# How much exercise for a mini?



## lily cd re

I just wrote a reply in your training questions thread, but now feel I need a reminder about how old Bella is. Unless she is an adolescent/older puppy I think that amount of exercise might even be excessive. If she is really young then definitely too much on leash time.


----------



## Daywalker

She's 8 months old. I've had her for 3 days. She previously lived with an older lady who ended up not being able to keep her for personal/health reasons. 
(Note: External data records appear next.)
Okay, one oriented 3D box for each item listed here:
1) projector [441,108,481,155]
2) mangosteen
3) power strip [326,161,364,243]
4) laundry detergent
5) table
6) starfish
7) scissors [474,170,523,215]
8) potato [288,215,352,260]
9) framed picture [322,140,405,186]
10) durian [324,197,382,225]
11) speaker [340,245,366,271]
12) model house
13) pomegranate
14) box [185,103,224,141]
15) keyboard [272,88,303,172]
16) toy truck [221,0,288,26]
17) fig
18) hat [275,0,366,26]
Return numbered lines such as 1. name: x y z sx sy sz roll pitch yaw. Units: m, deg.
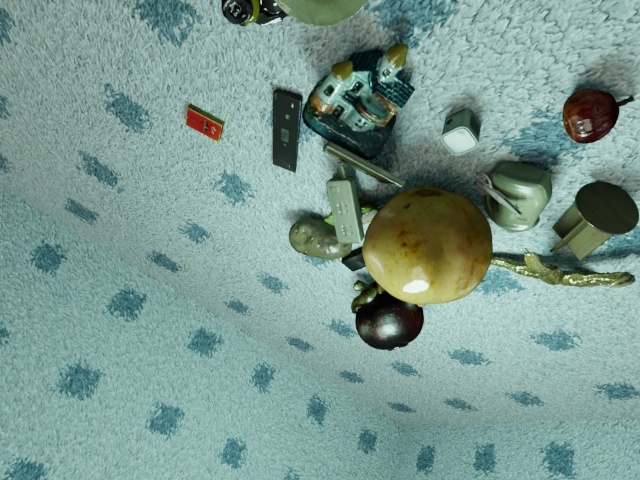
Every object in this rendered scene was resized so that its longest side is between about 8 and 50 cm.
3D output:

Right now, Bella trots happily on walks (in the morning on the road; in the evening, laps of the yard because the pavement is hot). I'd absolutely do less if she looked tired or unhappy or if I ended up carrying her home. Even with two walks,when I let her loose, she still uses up most of the 2.5 acre yard running with Casper (10 years) until he's ready to go inside and then Bella still wants to play fetch. I let Casper loose on most of Bell's potty breaks but his recall is reliable and hers isn't so I'm reluctant to let her free (the yard is fenced but it's too big of a yard for me to want to chase her in it).


----------



## fjm

I would say it sounds about right, although if she has lived with an elderly lady who may not have walked her much I think you are wise to watch and make sure it is not too much too soon. Half an hour at a time leash walking plus free play and sniff time is a good combination - as you get to know each other better and can rely on her recall perhaps you could work up to longer walks off leash somewhere safe. My toys will happily do 3 miles or more off leash walking, when they can go at their own pace and pause to sniff and explore, and I Bella sounds to be very similar in size to Poppy.


----------



## lily cd re

Okay then, since you referred to her as a puppy I was thinking she was younger. I think of an 8 month old as a young adolescent more than a puppy. I agree with fjm then.


----------



## MollyMuiMa

I think you are doing fine! Being that you are on acreage and on soft surfaces and not cement, her joints are pretty safe. My Molly has had free access to our yard/patio ever since she was a pup while on a 30 ft longline( I live in an apartment) and regimented walks 2x a day for 30-60 mins with no harm at all. The longline was very helpful in teaching her an excellent recall! At 8 months old your girl is almost done growing but building muscle slowly will protect her knees for sure!


----------